Low Muscle Mass in the Limps Increases the Mortality Risk of Seniors

Karina Toledo wrote . . . . . . . . .

Evaluating body composition, especially appendicular muscle mass, can be an effective strategy for predicting longevity in people over 65 years of age, according to a study conducted by researchers at the University of São Paulo’s Medical School (FM-USP) in Brazil.

The appendicular muscles are the muscles that move the appendages or extremities – the arms and legs. They also play a key role in stabilizing the shoulders and hips.

The researchers studied a group of 839 men and women over the age of 65 for approximately four years. They observed that all-cause mortality risk increased nearly 63-fold during the follow-up period in women with low appendicular muscle mass and 11.4-fold in men.

An article with results of the study, which was supported by FAPESP, is published in the Journal of Bone and Mineral Research.
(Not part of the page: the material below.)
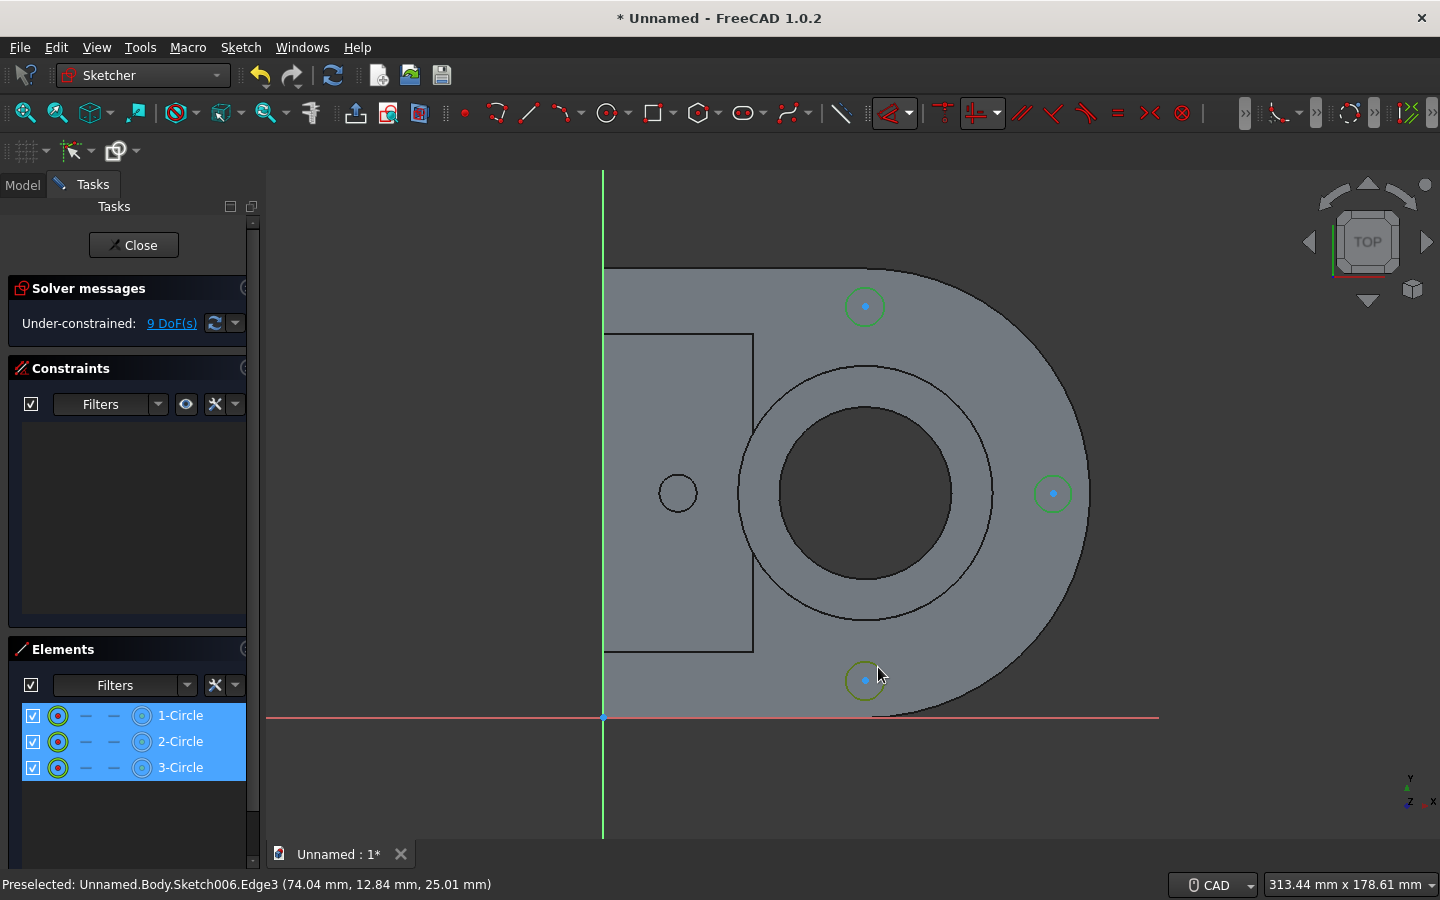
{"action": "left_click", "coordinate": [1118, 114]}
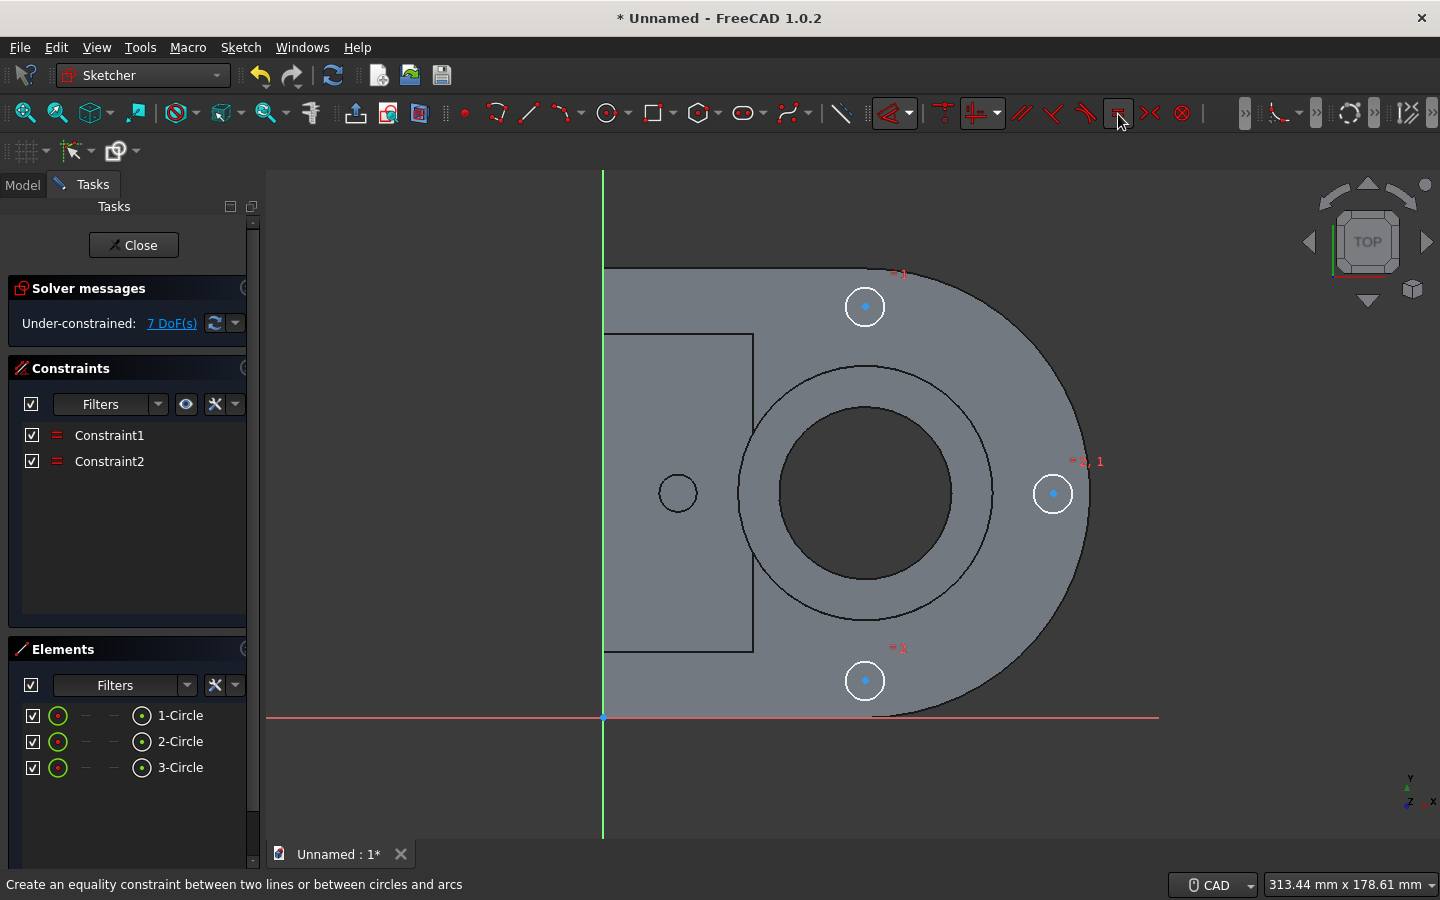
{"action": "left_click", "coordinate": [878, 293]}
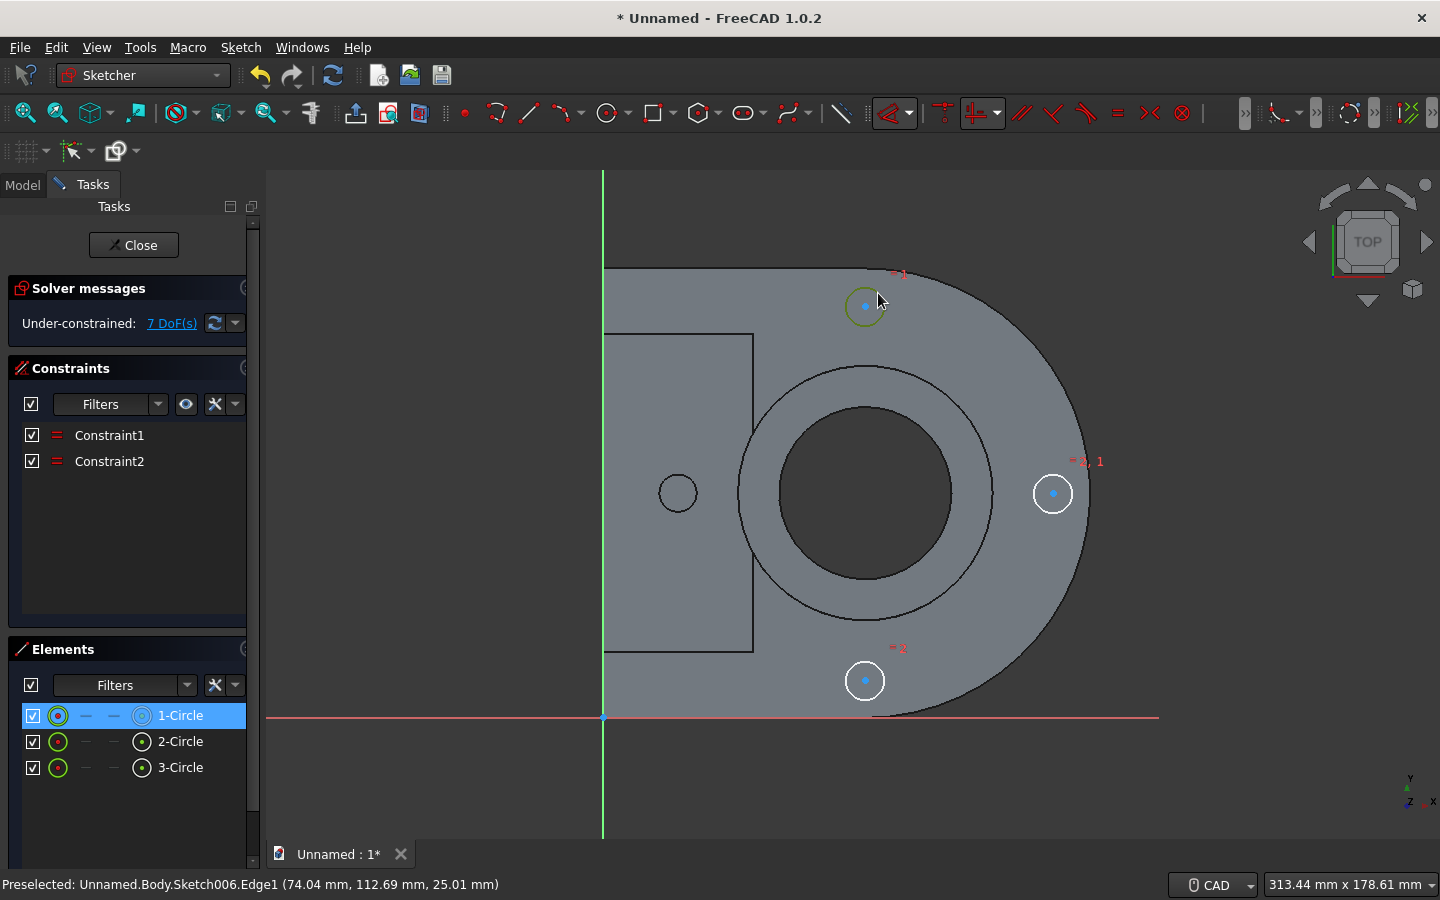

“We evaluated the body composition of this group, focusing on appendicular muscle mass, subcutaneous fat and visceral fat. We then sought to determine which of these factors could predict mortality in the ensuing years. We concluded that the key factor was the amount of appendicular lean mass,” Rosa Maria Rodrigues Pereira, Full Professor and Head of Rheumatology at FM-USP and principal investigator for the study, told Agência FAPESP.

Body composition was determined by dual energy X-ray absorptiometry (DXA), also known as bone density scanning, using a densitometer purchased with funding from FAPESP during a previous project led by Pereira to assess the prevalence of osteoporosis and fractures in older women living in Butantã, a neighborhood in western São Paulo city. The same cohort of individuals over 65 years of age was studied in both projects.

“Participants were selected on the basis of the census performed by IBGE [Brazil’s national census bureau]. The sample was representative of the older members of the country’s population,” Pereira said.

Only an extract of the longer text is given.